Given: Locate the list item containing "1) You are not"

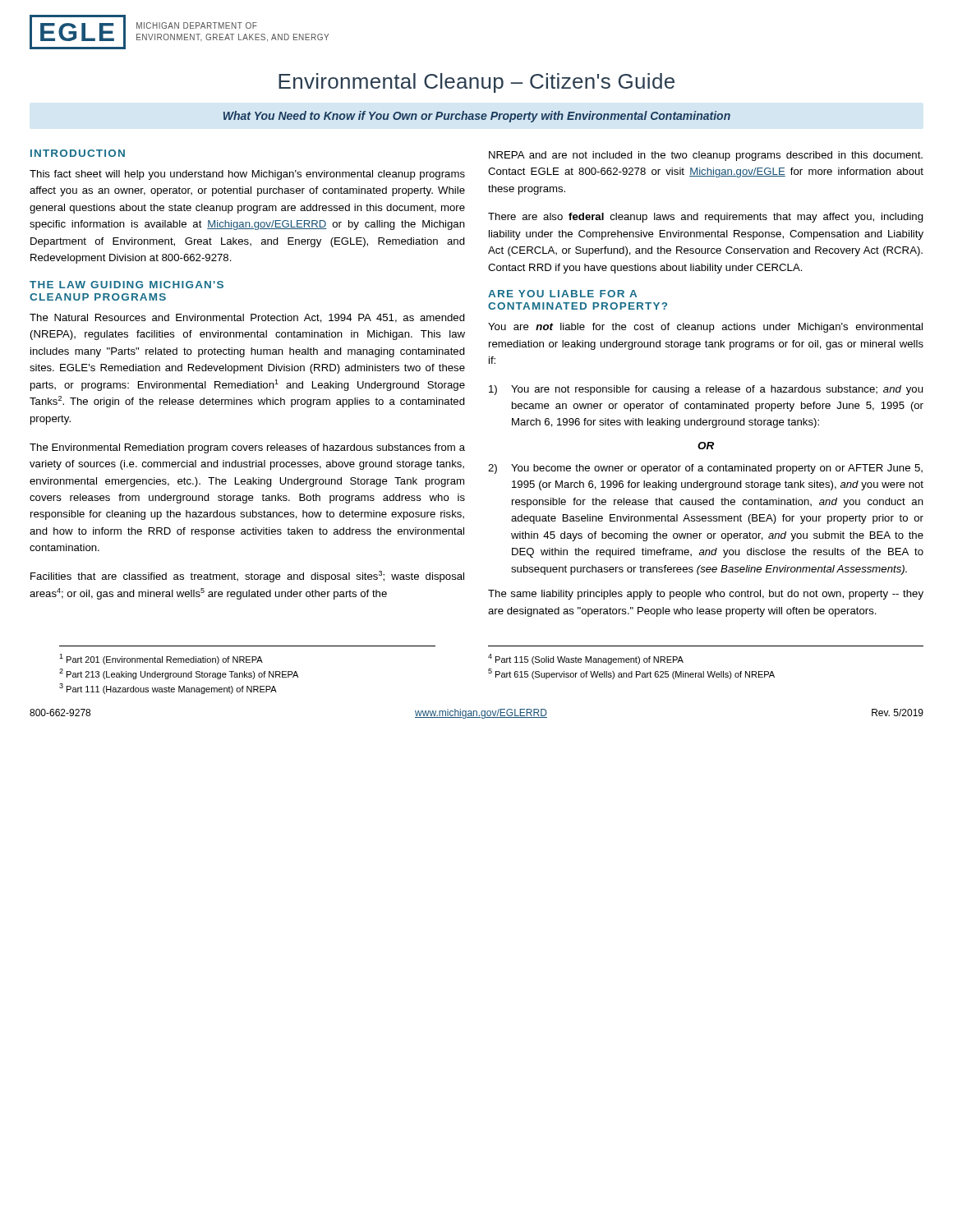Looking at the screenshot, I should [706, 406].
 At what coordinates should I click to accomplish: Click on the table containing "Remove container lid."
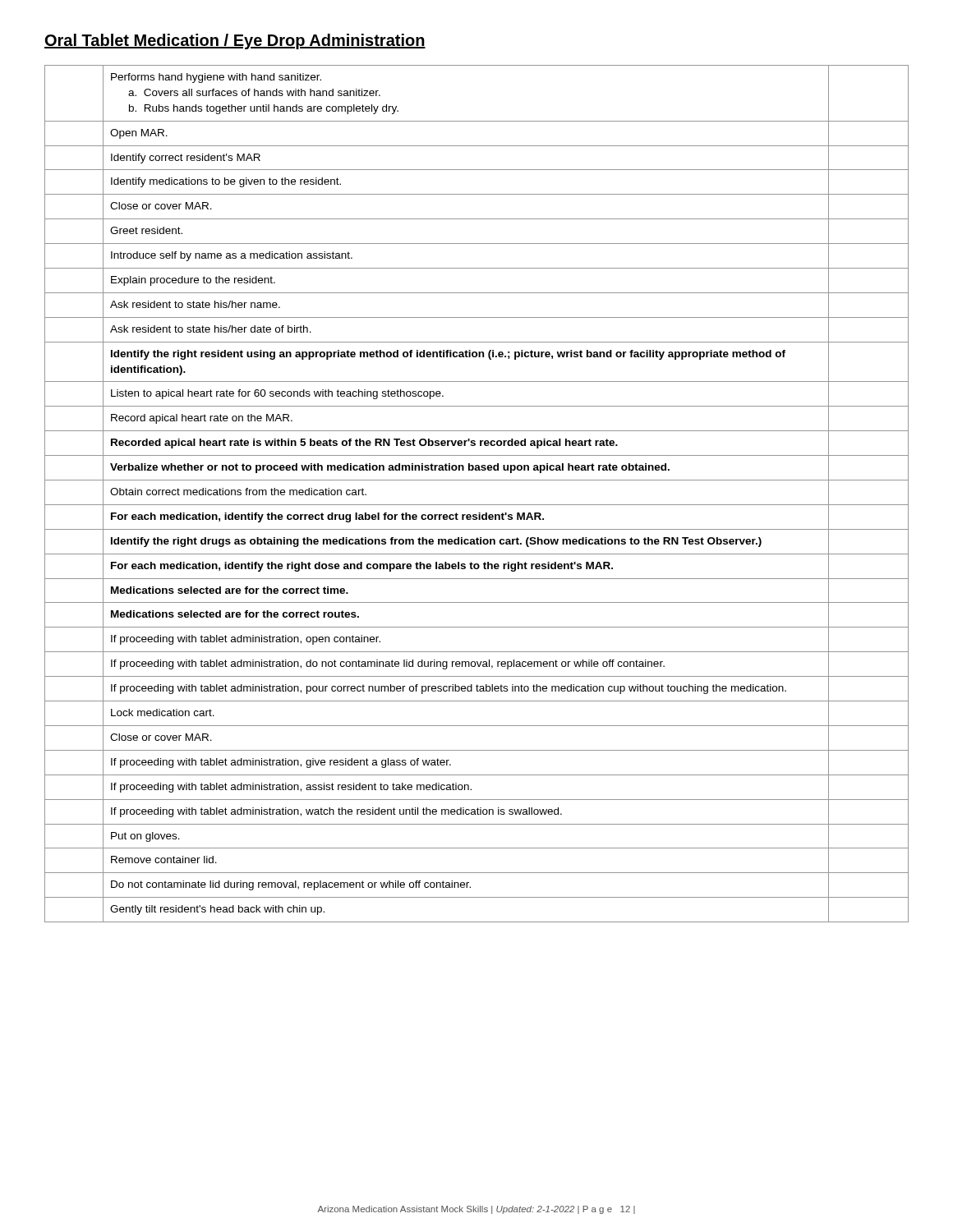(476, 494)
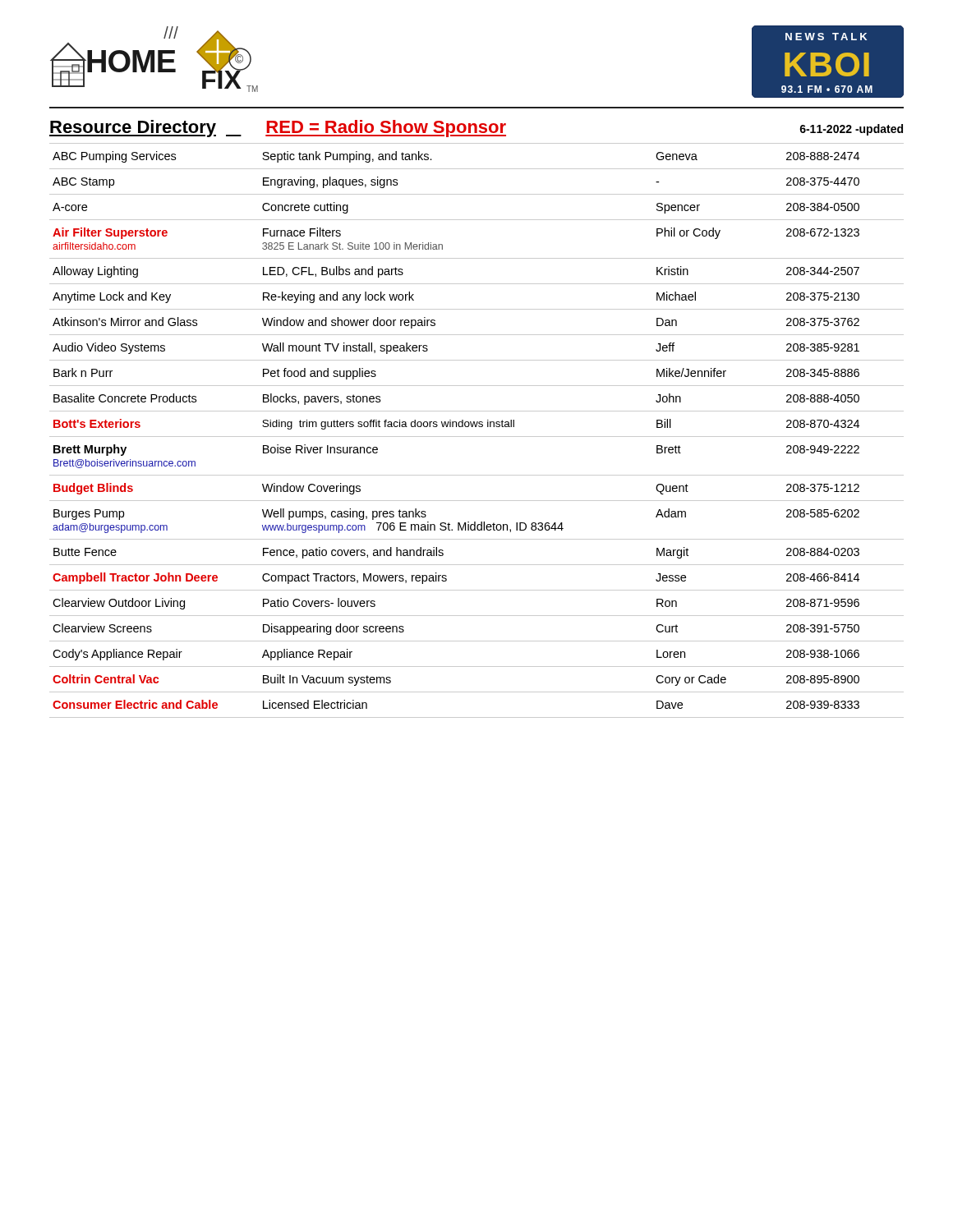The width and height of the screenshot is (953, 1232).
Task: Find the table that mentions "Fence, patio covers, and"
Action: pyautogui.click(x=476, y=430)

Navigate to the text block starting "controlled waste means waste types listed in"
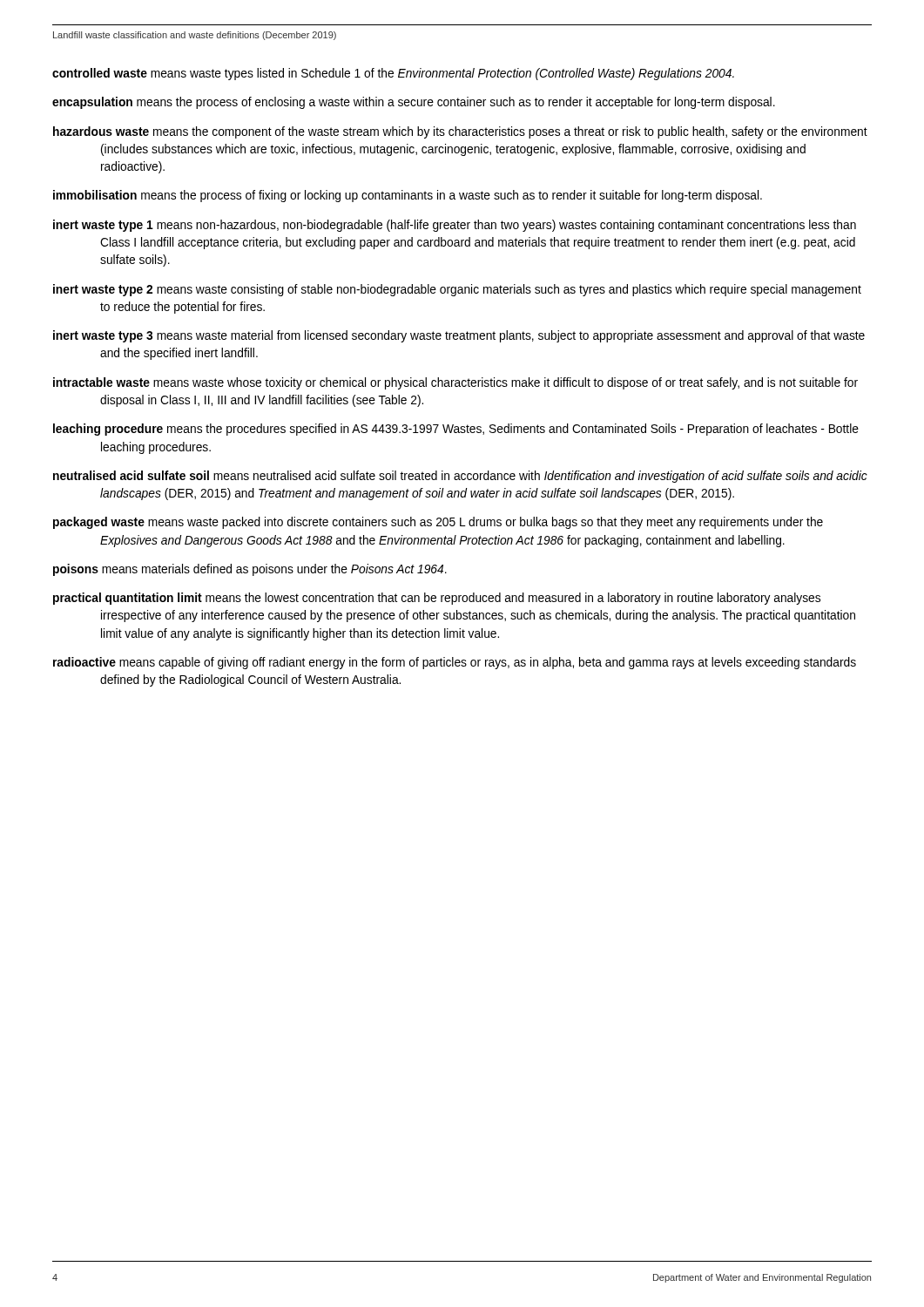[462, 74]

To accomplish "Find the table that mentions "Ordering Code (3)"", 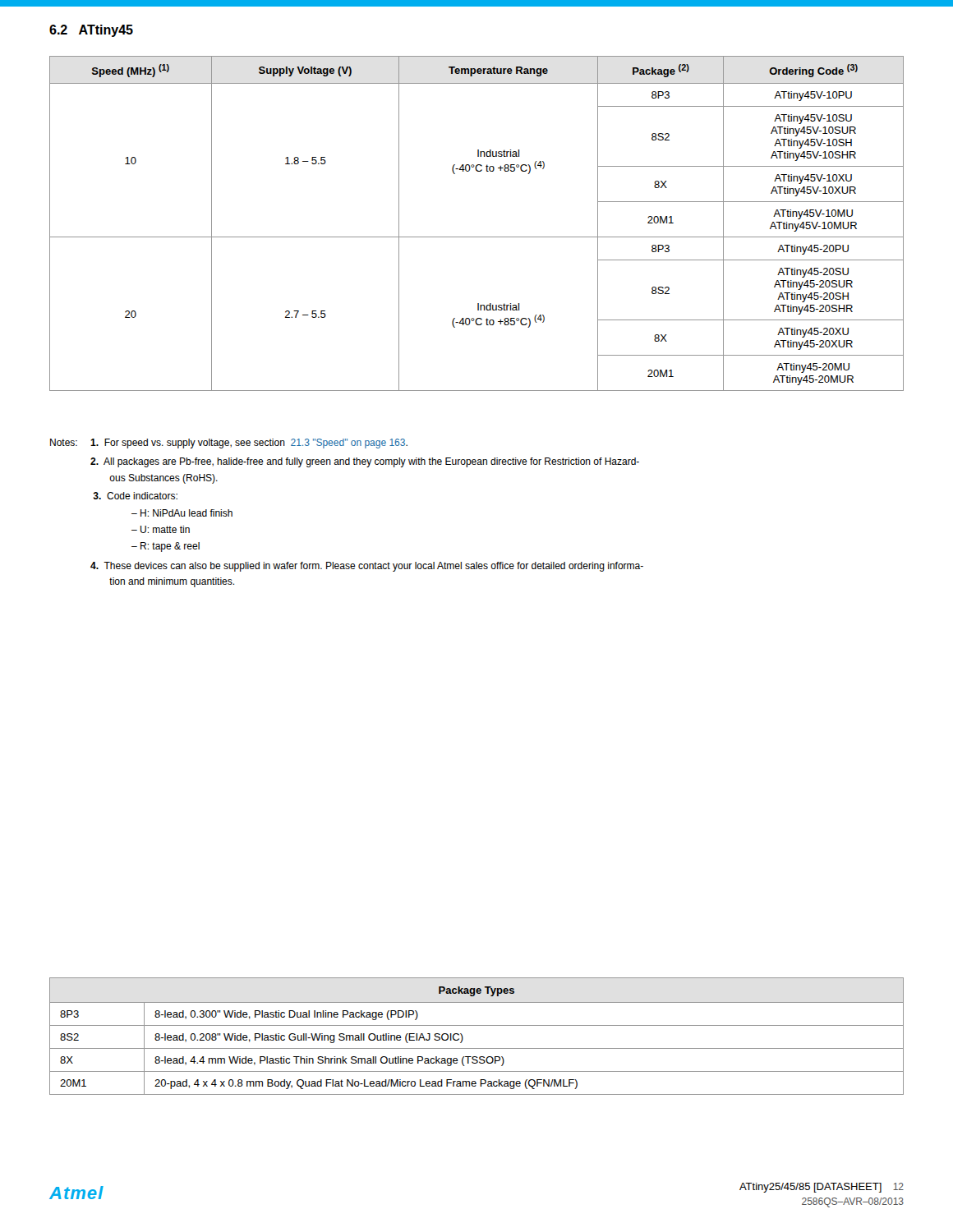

What is required: Retype each record exactly as it appears above and drop the images.

Response to this exercise:
Given: Locate the list item containing "1) You are not"

Looking at the screenshot, I should [706, 406].
 At what coordinates should I click to accomplish: Click on the table containing "Remove container lid."
(476, 494)
The width and height of the screenshot is (953, 1232).
Task: Find the table that mentions "Fence, patio covers, and"
Action: pyautogui.click(x=476, y=430)

Navigate to the text block starting "controlled waste means waste types listed in"
[462, 74]

To accomplish "Find the table that mentions "Ordering Code (3)"", 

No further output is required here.